7.Dogmática jurídica: revisão crítica

Fundamental, pois, nos primeiros passos de revisão crítica do direito – e de sua dogmática – é a conscientização do processo real de "descoberta" das premissas, ainda mais que as centenas de teorias constantes do cardápio, além de incompatíveis entre si, são utilizadas, não raro, por descuido ou incompreensão de seu alcance, ou então propositadamente, a título de ficção. Apesar das aparências, elas não sustentam em absoluto o direito, traduzindo no máximo simples apoio retórico de que se necessita socialmente para a justificação da conduta. A sociedade, como os indivíduos, parece acalentar aos poucos necessidades psicológicas de imprevisíveis resultados. Questão de sobrevivência. O neurótico jamais sobreviveria, enquanto neurótico, sem os variados mecanismos de defesa que recompõem a seu modo o equilíbrio homeostático da natureza humana.

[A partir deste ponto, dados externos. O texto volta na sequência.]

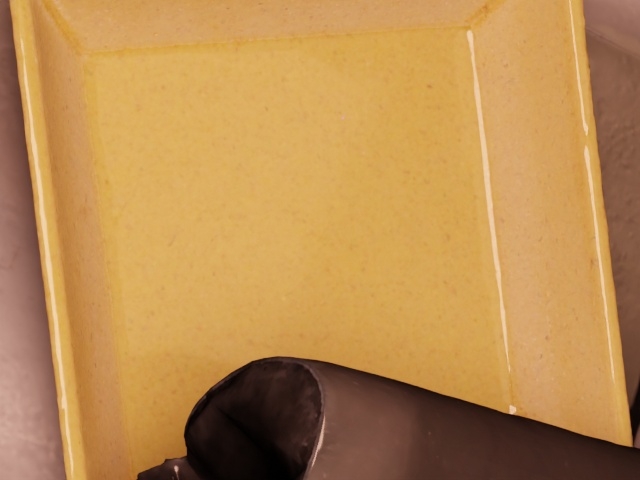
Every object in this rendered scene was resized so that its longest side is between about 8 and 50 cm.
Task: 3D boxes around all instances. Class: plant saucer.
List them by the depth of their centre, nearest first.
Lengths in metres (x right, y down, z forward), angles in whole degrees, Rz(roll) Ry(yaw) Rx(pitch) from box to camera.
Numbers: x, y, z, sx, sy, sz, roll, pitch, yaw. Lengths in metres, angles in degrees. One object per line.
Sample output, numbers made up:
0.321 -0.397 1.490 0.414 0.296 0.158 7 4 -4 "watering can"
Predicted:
0.000 0.000 0.887 0.333 0.081 0.332 -7 90 -20 "plant saucer"

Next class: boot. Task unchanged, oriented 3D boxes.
0.149 0.117 0.788 0.445 0.146 0.367 18 115 -30 "boot"
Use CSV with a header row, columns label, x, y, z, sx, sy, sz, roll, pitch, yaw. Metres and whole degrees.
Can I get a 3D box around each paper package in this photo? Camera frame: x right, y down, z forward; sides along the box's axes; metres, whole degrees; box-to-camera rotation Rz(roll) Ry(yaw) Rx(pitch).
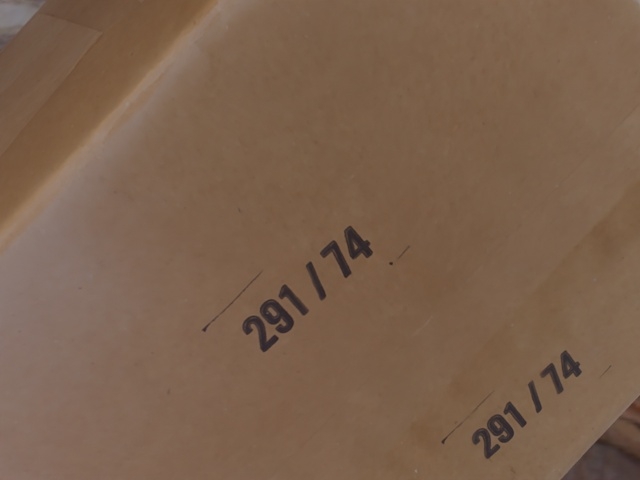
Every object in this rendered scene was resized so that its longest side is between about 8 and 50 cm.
label,x,y,z,sx,sy,sz,roll,pitch,yaw
paper package,0.000,0.000,0.531,0.325,0.168,0.309,-48,122,-1

Esse equilíbrio homeostático, apanágio igualmente do homem normal, pode ser obtido de outra forma, na tarefa de percepção do objeto e limites da dogmática jurídica.

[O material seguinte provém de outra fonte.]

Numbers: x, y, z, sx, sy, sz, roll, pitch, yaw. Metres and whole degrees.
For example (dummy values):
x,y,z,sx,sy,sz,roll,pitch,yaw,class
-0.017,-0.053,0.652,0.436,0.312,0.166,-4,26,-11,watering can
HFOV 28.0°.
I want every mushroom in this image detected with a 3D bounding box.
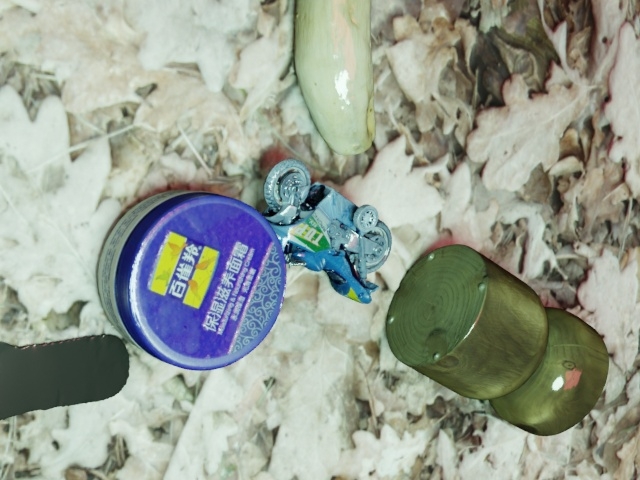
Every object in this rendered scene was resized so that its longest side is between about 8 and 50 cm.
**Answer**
x,y,z,sx,sy,sz,roll,pitch,yaw,class
0.027,-0.281,1.593,0.123,0.095,0.351,-11,105,-51,mushroom

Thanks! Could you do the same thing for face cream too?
x,y,z,sx,sy,sz,roll,pitch,yaw,class
-0.152,0.044,1.498,0.206,0.111,0.205,-5,98,-33,face cream

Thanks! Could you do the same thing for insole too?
x,y,z,sx,sy,sz,roll,pitch,yaw,class
-0.360,0.156,1.433,0.322,0.007,0.109,-5,101,-34,insole

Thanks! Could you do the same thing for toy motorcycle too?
x,y,z,sx,sy,sz,roll,pitch,yaw,class
0.000,0.000,1.612,0.254,0.092,0.135,33,85,-44,toy motorcycle

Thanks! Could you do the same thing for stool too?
x,y,z,sx,sy,sz,roll,pitch,yaw,class
0.241,0.138,1.740,0.264,0.179,0.179,30,79,-33,stool

Dogmática jurídica é metalinguagem do direito, é jurisgrafia, é jurilogia, cumprindo-lhe reter em suas técnicas descritivas, explicativas e prospectivas, o sumo ou essência dos fatos em suas recíprocas influências, em suas metamorfoses.

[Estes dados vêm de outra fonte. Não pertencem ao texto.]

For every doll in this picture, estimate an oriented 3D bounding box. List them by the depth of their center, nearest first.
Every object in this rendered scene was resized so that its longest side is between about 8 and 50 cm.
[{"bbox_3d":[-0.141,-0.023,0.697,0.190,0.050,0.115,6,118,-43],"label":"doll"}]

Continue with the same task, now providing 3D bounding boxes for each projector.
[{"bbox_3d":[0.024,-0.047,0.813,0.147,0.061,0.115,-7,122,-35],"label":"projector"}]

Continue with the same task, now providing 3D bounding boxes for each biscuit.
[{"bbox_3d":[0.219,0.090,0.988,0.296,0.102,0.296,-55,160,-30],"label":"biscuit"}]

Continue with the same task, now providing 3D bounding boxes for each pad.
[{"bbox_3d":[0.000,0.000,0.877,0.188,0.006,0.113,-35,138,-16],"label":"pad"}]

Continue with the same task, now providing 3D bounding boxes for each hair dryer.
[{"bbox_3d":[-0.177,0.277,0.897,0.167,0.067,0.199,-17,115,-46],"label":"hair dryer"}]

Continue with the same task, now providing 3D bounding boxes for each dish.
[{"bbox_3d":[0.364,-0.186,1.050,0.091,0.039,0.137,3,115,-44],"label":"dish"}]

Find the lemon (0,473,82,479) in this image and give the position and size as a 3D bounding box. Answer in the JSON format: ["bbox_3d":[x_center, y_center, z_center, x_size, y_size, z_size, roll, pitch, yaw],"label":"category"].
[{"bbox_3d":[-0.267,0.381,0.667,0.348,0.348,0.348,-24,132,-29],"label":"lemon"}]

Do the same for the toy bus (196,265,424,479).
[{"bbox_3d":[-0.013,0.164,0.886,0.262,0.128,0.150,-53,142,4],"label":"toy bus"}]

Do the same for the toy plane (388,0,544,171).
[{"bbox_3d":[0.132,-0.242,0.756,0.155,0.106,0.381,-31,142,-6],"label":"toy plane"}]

Compreende-se, com efeito, o desvalor dos discursos "ontológicos": invocados para apoio retórico, subvertem o potencial crítico dos juristas se estes acreditam efetivamente em seu caráter científico, quando se sabe e se comprova, sem dificuldades, que a essência do jurídico é preconstituída pela vontade, ação e liberdade humanas. Leis e teorias não passam de instrumentos ocasionais e descartáveis na composição de uma realidade subjacente de cunho dinâmico, e que todavia os reclama, qual processo de racionalização revitalizante.

Só o futuro dirá se os juristas estão dispostos a manter as aparências, sinal de comodismo e de má-fé, ou de romper, por instantes, um equilíbrio homeostático em débito com a verdade e em descompasso com a via alternativa da libertação.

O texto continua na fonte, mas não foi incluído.